• _What is required_: If a line in the data below holds the word "profile", include it in the count. Give only the final number.

(Beginning of Provided data)

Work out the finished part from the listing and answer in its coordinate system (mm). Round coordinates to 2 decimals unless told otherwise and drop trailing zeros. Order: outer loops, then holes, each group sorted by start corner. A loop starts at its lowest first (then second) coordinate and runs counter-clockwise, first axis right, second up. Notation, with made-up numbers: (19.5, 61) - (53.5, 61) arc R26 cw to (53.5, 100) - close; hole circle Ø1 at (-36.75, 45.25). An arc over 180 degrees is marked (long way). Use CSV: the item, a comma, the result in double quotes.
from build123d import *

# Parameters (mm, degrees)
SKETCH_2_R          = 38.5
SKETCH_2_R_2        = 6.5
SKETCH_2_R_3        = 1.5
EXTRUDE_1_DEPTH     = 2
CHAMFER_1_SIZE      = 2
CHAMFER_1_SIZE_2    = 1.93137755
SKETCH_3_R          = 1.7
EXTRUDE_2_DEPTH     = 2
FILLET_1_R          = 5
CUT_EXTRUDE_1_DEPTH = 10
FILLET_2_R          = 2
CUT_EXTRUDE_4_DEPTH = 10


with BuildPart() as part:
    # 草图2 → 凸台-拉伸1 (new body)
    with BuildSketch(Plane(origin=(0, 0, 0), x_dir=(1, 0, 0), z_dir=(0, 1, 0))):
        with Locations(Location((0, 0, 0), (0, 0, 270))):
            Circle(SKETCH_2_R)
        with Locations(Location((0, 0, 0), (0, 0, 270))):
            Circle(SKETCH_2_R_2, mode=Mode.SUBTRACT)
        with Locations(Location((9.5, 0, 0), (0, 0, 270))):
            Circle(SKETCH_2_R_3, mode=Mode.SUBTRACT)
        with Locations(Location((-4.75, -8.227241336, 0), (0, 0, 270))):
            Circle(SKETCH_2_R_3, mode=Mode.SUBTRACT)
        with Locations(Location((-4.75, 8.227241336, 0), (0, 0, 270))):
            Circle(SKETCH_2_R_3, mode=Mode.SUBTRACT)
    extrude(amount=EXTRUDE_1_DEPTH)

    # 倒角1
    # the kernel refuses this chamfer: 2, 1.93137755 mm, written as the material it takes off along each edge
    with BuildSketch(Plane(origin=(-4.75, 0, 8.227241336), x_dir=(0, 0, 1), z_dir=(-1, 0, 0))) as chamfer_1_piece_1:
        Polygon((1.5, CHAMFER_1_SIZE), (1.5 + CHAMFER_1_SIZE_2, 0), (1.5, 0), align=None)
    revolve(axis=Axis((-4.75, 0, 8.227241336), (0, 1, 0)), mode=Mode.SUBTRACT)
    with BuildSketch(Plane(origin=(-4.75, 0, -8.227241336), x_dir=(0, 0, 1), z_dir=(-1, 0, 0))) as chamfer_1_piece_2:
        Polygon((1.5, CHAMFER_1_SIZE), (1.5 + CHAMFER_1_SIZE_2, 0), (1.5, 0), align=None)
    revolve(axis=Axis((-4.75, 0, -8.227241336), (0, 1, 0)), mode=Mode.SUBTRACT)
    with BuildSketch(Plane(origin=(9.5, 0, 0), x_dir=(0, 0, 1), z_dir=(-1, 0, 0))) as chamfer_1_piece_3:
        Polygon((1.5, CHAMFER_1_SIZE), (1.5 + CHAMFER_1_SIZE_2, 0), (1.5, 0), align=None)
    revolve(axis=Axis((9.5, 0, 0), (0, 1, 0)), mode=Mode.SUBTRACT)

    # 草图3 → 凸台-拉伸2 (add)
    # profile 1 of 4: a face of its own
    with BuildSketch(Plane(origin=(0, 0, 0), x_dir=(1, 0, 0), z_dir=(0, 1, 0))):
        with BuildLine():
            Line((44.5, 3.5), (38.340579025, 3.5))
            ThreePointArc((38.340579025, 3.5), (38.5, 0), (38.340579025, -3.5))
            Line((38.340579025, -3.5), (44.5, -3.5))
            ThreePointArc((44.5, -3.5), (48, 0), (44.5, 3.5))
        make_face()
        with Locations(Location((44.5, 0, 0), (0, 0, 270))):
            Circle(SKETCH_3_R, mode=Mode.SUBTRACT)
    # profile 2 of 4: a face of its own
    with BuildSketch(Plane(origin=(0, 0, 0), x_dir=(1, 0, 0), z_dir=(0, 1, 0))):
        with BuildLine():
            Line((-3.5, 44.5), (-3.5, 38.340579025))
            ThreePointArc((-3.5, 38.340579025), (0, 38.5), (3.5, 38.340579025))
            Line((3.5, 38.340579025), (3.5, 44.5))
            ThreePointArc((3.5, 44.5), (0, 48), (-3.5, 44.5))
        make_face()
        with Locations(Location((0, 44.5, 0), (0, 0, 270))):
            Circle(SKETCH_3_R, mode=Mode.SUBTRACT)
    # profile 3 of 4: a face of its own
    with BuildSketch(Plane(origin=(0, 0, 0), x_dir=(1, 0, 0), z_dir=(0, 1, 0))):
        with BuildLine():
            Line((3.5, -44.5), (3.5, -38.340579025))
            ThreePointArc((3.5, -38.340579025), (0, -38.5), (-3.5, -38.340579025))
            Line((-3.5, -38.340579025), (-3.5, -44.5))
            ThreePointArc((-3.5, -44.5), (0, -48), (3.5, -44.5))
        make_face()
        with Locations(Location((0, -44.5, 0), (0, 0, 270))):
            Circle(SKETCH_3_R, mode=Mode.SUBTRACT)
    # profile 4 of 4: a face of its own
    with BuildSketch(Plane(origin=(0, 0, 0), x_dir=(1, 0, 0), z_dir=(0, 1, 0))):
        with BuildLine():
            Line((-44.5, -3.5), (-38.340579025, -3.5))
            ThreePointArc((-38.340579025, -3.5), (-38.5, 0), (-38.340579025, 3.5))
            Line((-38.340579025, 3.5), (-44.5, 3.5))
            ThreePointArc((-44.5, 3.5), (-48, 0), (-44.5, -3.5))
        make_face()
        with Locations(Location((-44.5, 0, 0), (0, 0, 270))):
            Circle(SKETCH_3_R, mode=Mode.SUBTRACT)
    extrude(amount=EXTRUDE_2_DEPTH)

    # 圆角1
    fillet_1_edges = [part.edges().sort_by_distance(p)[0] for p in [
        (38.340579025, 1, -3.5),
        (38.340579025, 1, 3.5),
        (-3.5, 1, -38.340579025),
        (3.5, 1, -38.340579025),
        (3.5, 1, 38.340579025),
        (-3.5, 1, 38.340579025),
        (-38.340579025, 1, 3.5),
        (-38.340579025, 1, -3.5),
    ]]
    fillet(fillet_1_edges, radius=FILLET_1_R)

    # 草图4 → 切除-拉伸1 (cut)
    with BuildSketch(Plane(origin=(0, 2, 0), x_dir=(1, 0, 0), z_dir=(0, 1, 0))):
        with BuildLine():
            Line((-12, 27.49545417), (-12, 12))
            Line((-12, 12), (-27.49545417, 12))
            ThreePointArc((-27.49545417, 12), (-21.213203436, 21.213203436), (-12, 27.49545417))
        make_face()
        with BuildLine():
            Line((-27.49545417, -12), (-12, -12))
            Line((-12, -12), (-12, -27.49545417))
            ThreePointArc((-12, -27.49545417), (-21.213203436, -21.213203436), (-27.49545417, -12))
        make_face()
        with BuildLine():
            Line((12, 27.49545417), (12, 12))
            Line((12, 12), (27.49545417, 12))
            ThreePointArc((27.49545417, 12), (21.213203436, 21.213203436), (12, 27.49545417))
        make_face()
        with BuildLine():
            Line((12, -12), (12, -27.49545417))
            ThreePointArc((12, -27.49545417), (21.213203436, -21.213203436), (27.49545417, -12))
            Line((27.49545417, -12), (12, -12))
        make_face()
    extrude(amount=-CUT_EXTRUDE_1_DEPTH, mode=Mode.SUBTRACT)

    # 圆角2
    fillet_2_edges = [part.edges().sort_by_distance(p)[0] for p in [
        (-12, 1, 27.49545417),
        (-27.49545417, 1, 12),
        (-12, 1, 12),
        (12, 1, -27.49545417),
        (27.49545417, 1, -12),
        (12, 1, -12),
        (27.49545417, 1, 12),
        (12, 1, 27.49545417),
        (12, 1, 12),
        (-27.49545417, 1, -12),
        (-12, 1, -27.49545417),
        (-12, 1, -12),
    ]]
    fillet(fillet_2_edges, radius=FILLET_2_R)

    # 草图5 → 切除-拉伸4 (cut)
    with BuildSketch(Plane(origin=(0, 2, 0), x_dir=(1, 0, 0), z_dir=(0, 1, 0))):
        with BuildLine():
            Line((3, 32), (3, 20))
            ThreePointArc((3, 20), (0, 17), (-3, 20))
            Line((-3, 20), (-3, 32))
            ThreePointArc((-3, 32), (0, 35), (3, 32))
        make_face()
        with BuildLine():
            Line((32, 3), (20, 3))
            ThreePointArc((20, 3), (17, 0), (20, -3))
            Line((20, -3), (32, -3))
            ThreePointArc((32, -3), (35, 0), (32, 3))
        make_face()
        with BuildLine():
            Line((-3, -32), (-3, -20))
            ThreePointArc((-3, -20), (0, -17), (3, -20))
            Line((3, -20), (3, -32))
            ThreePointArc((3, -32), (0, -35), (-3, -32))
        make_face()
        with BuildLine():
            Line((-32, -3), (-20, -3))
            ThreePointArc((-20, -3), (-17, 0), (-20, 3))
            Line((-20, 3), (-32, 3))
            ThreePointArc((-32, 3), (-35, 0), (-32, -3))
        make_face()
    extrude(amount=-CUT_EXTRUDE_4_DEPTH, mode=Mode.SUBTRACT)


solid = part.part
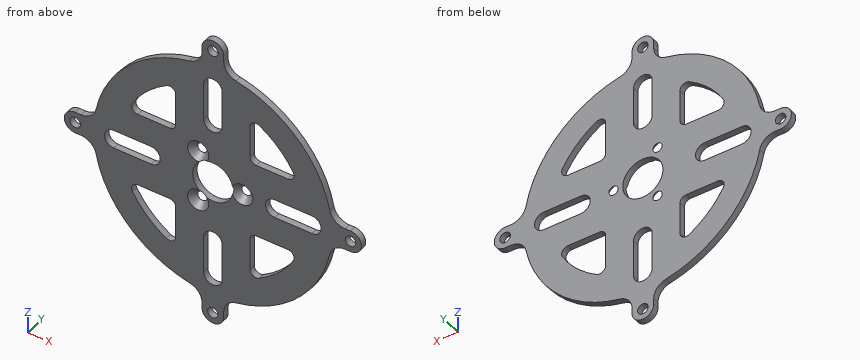
(1) Find the intervals of material crossed by L1, parallel to X at y = 0.45, z = -23.5; L2, parallel to Z at x = -6, y = 0.55; L3, parallel to X at y = 1.4, z = 44.5, in increasing order. Write a range as from..to.
Findings below:
L1,"x = -30.5..-18.65, -12..-3, 3..12, 18.65..30.5"
L2,"z = -38.33..-10.84, -5.61..-2.5, 2.5..5.61, 10.84..38.33"
L3,"x = -3.5..-1.7, 1.7..3.5"
(2) Each of these flat-tipped pins is pushed along its axis until it touches: pin 1 (0.9 mm diameter, centred on x = -44, y = 1.5, fed in from +Z); pin 2 (4 mm diameter, centred on x = -21.5, z = 17, fed in from +Y); pin 3 (0.6 mm diameter, centred on y = 0.5, z = -43.5, fed in from +X); pin 4 (0.6 mm diameter, centred on y = 1, z = -21.5, fed in from -X). Where does it stop, or does it pass through?
Findings below:
pin 1,"stops at z = 3.5"
pin 2,"passes through"
pin 3,"stops at x = 3.5"
pin 4,"stops at x = -32.14"
(3) Find section C-C (y = 0.35). State how many separate pieces and enclosed holes the cut face has, and give its area (3 significant figures).
Findings below:
separate pieces,"1"
enclosed holes,"13"
area,"3,690 mm²"
(4) Find section A-A (z = 0). Determine the outline of the cut face in (x, y), and give its area (3 significant figures).
Findings below:
outline,"(-48, 0) - (-46.2, 0) - (-46.2, 2) - (-48, 2) - close; (-42.8, 0) - (-35, 0) - (-35, 2) - (-42.8, 2) - close; (-17, 0) - (-6.5, 0) - (-6.5, 2) - (-17, 2) - close; (6.5, 0.45) - (8, 2) - (6.5, 2) - close; (11, 2) - (12.93, 0) - (17, 0) - (17, 2) - close; (35, 0) - (42.8, 0) - (42.8, 2) - (35, 2) - close; (46.2, 0) - (48, 0) - (48, 2) - (46.2, 2) - close"
area,"70.6 mm²"
(5) Find section B-B (z = 29). Determine the outline of the cut face in (x, y), and give its area (3 significant figures).
Findings below:
outline,"(-25.32, 0) - (-3, 0) - (-3, 2) - (-25.32, 2) - close; (3, 0) - (25.32, 0) - (25.32, 2) - (3, 2) - close"
area,"89.3 mm²"
(6) Find section D-D (z = -36.5). Determine the outline of the cut face in (x, y).
Findings below:
outline,"(-12.25, 0) - (12.25, 0) - (12.25, 2) - (-12.25, 2) - close"

(End of Provided data)

• _Output_: 4